In merito, poi, alla posizione giuridica di cui è titolare il promotore, la
giurisprudenza amministrativa ha chiarito che “(…) in tema di project
financing, l’interesse a veder prescelto il proprio progetto di opera
pubblica, e quindi di assumere la posizione del promotore nella relativa
procedura, ancorché sia individuabile concettualmente come distinto
dall’interesse alla concessione di eseguire l’opera stessa, contiene ed implica
anche l’interesse all’aggiudicazione della concessione che, in definitiva,
rappresenta il vero “bene della vita” cui tende il presentatore del progetto. Si
è in presenza, invero, di un procedimento contraddistinto da una indiscutibile
unitarietà, logico – giuridica del tutto coerente e ragionevole con la stessa
natura del project financing, quale tecnica finanziaria che consente la
realizzazione di opere pubbliche senza oneri finanziari per la pubblica
amministrazione e che si sostanzia in un’operazione economico – finanziaria
idonea ad assicurare utili che consentono il rimborso del prestito e/o
finanziamento e gestione proficua dell’attività (così C.d.S., sez. VI, 9 giugno
2005, n. 3043)”5.
Inoltre, l’amministrazione aggiudicatrice è tenuta ad approvare il progetto
preliminare presentato dal promotore in conformità al comma 10, lett. c)

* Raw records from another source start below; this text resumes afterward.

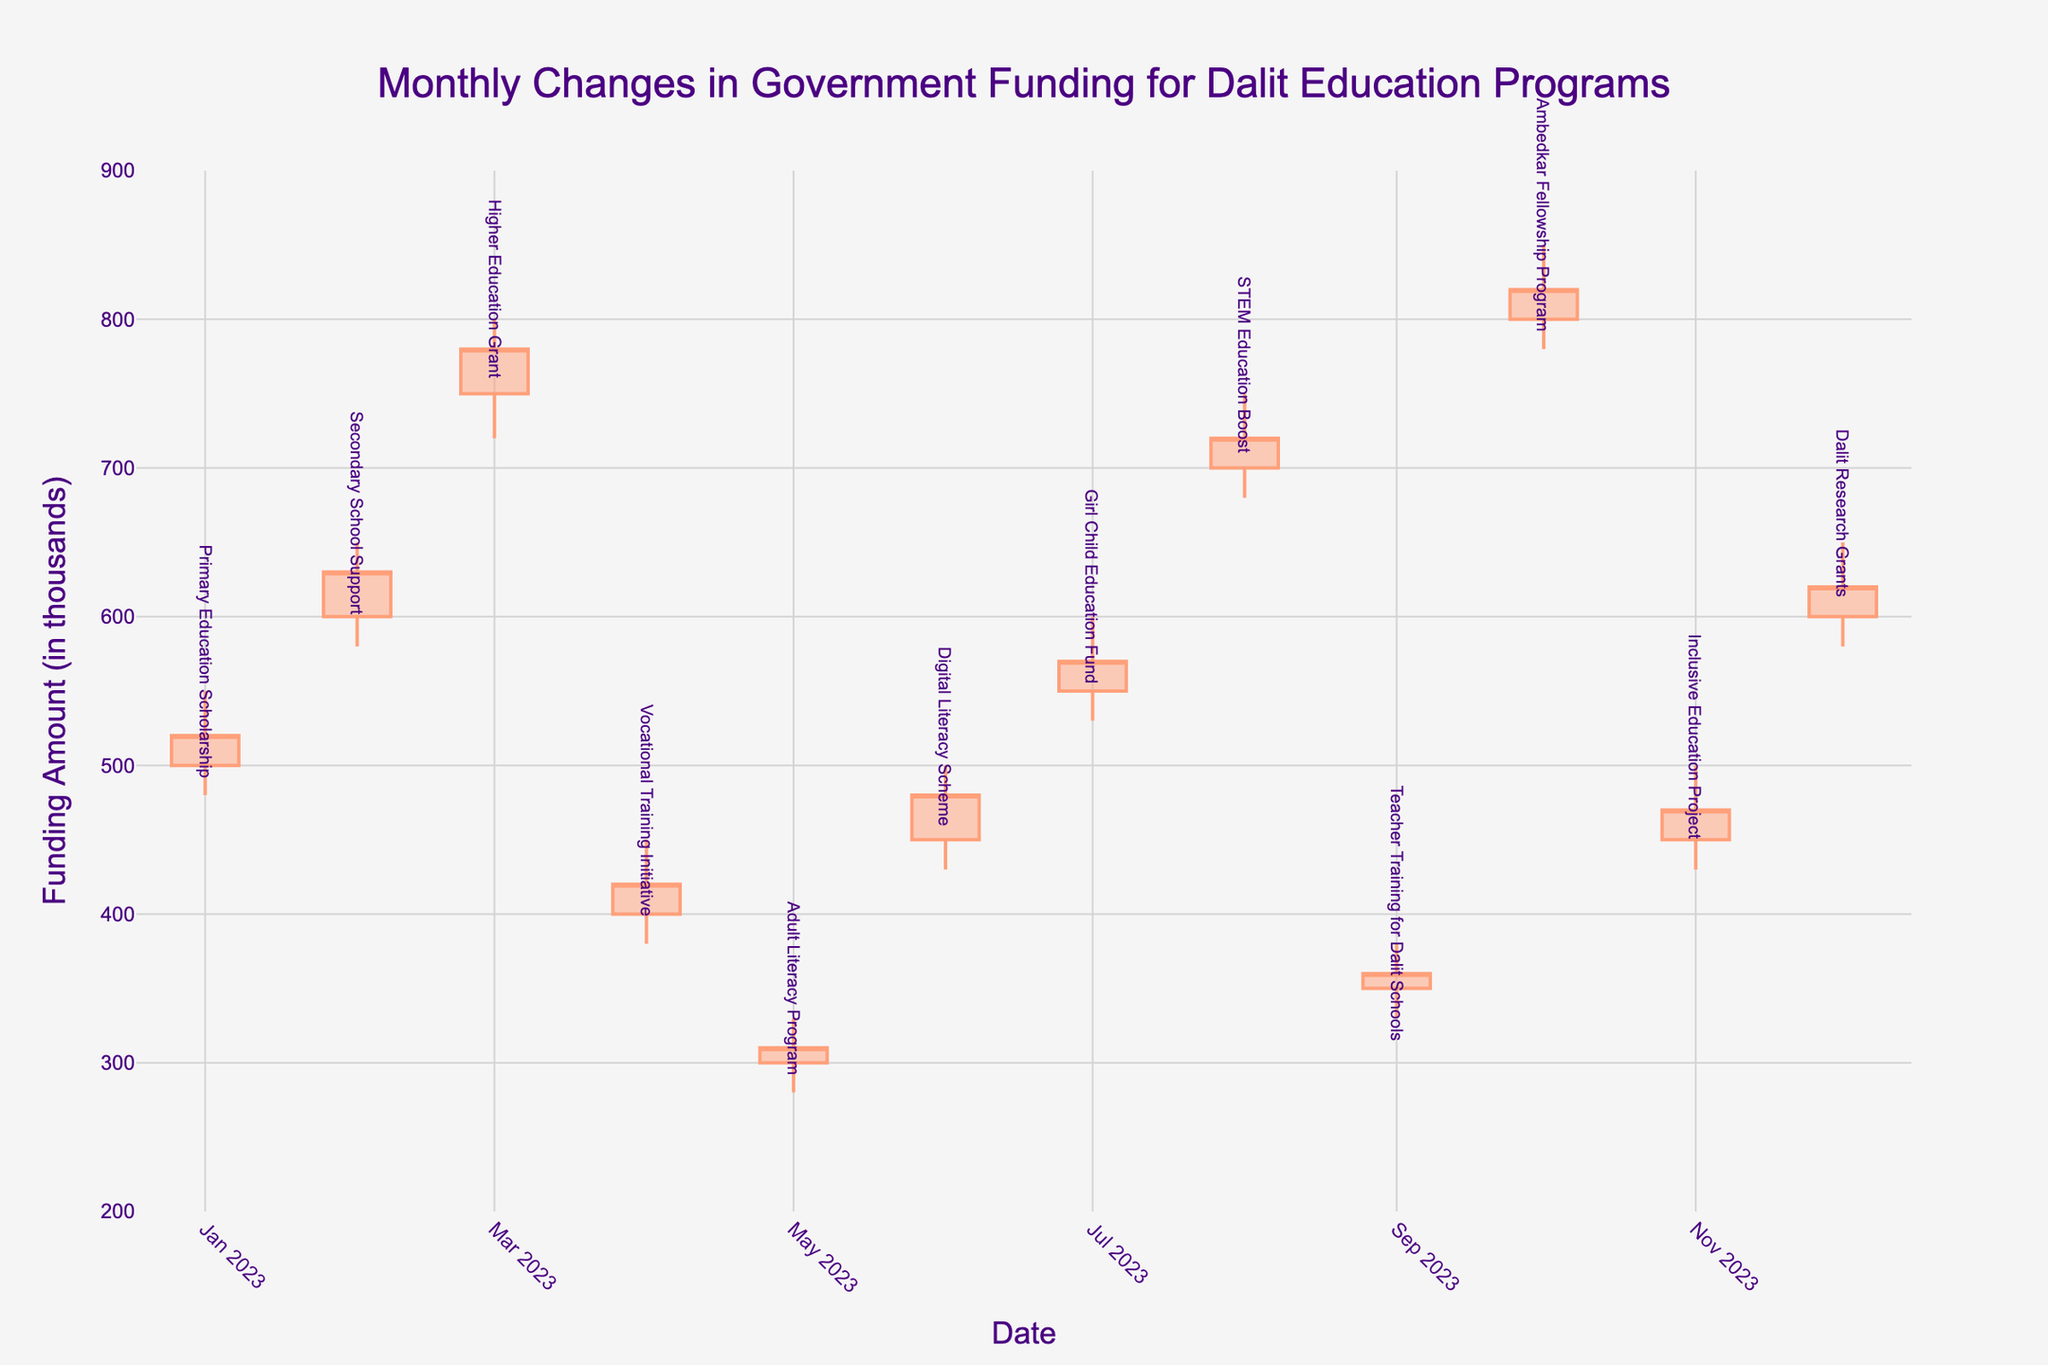What is the title of the figure? The title is prominently displayed at the top of the figure.
Answer: Monthly Changes in Government Funding for Dalit Education Programs Which program has the highest funding allocation for December 2023? Look for the candlestick corresponding to December 2023. The highest value is represented by the top of the upper shadow.
Answer: Dalit Research Grants What is the funding range for the Primary Education Scholarship in January 2023? For January 2023, find the candlestick for the Primary Education Scholarship. The range is given by the low and high values.
Answer: 480 to 550 Which month shows the highest closing funding amount in the chart? Identify the month with the highest closing value by looking at the top of the body of each candlestick.
Answer: October 2023 In which month did the Digital Literacy Scheme have its highest funding allocation? Find the month where the candlestick for the Digital Literacy Scheme has the highest value, indicated by the top of the upper shadow.
Answer: June 2023 What is the difference between the closing funding amounts for the Higher Education Grant in March 2023 and the Ambedkar Fellowship Program in October 2023? Find the closing amounts for both programs in the respective months and compute the difference: 820 - 780.
Answer: 40 How many months experienced a decrease in funding allocation compared to the previous month's closing amount? Count the candlesticks where the closing price is lower than the previous month's closing price, indicated by the color of the candlestick.
Answer: 4 Which education program received the least amount of funding in 2023? Identify the candlestick with the lowest value, represented by the bottom of the lower shadow.
Answer: Adult Literacy Program (May 2023) Between which two consecutive months did the STEM Education Boost see the highest increase in funding? Compare the differences between consecutive monthly closing amounts for the STEM Education Boost and find the maximum increase.
Answer: July and August 2023 How does the funding trend for the Inclusive Education Project in November 2023 compare to that for the Digital Literacy Scheme in June 2023? Compare the opening, closing, high, and low values for these two months and note the differences in trends, such as whether they increased or decreased.
Answer: Both saw an increase, but Digital Literacy Scheme had a higher high

dell’articolo 153 e a bandire successivamente una nuova procedura selettiva
ponendo a base di gara il progetto preliminare già approvato in uno alle
condizioni economiche e contrattuali offerte dal promotore utilizzando il
criterio dell’offerta economicamente più vantaggiosa. Il contratto verrà
aggiudicato immediatamente al promotore nell’ipotesi in cui in detta gara non
verranno presentate offerte economicamente più vantaggiose rispetto a quelle
formulate da quest’ultimo. Diversamente, nel caso in cui nella gara in parola
siano state presentate una o più offerte economicamente più vantaggiose di
quella del promotore posta a base di gara, questi diventerà aggiudicatario della
concessione soltanto nell’ipotesi in cui adeguerà la propria proposta a quella
del migliore offerente entro quarantacinque giorni dal ricevimento della
comunicazione di adeguamento da parte dell’amministrazione aggiudicatrice. Pare
opportuno segnalare, riguardo a tale segmento procedurale, che la giurisprudenza
ritiene che il diritto di accesso di altri potenziali competitors sia
temporaneamente sospeso. Infatti, i giudici amministrativi hanno rilevato che
“(…) nella fase che si compie con la selezione del progetto da dichiarare di
pubblico interesse, uno degli elementi di tale progetto (il piano economico –
finanziario) è destinato a diventare l’elemento fondamentale per lo svolgimento
della successiva gara ad evidenza pubblica, ed in particolare per la selezione
dell’offerta economicamente più vantaggiosa (cfr. C.d.S., sez. IV, 26 gennaio
2009, nn. 391 e 392); il diritto di accesso consentirebbe, quanto meno al
richiedente (cui non risulta interdetta la partecipazione alla fase di gara ad
evidenza pubblica per la individuazione della offerta economicamente più
vantaggiosa), di conoscere non solo i valori degli elementi necessari del piano
economico – finanziario del progetto posto a base di gara per la determinazione
dell’offerta, ma addirittura gli elementi costitutivi del piano economico –
finanziario stesso (analisi dei prezzi, dei costi, le modalità di gestione
dell’opera, l’eventuale ammortamento degli oneri finanziari, etc) del progetto
posto a base di gara, alterando sicuramente la procedura ad evidenza pubblica e
violando, in particolare, il principio della par condicio degli offerenti. Ciò
in quanto tale specifica conoscenza (non prevista dalla legge) consentirebbe, in
tesi, di avere, rispetto agli ordinari tempi della gara pubblica, un maggiore
lasso di tempo per formulare eventualmente un’offerta migliorativa di quella
ricavabile dal presentato piano economico – finanziario. E ciò senza contare
che, in tal modo, la par condicio sarebbe sicuramente alterata nei
confronti dello stesso promotore, la cui offerta – sostanzialmente contenuta nel
predetto piano economico finanziario – non è modificabile se non in
pejus (a favore cioè della sola amministrazione)”6.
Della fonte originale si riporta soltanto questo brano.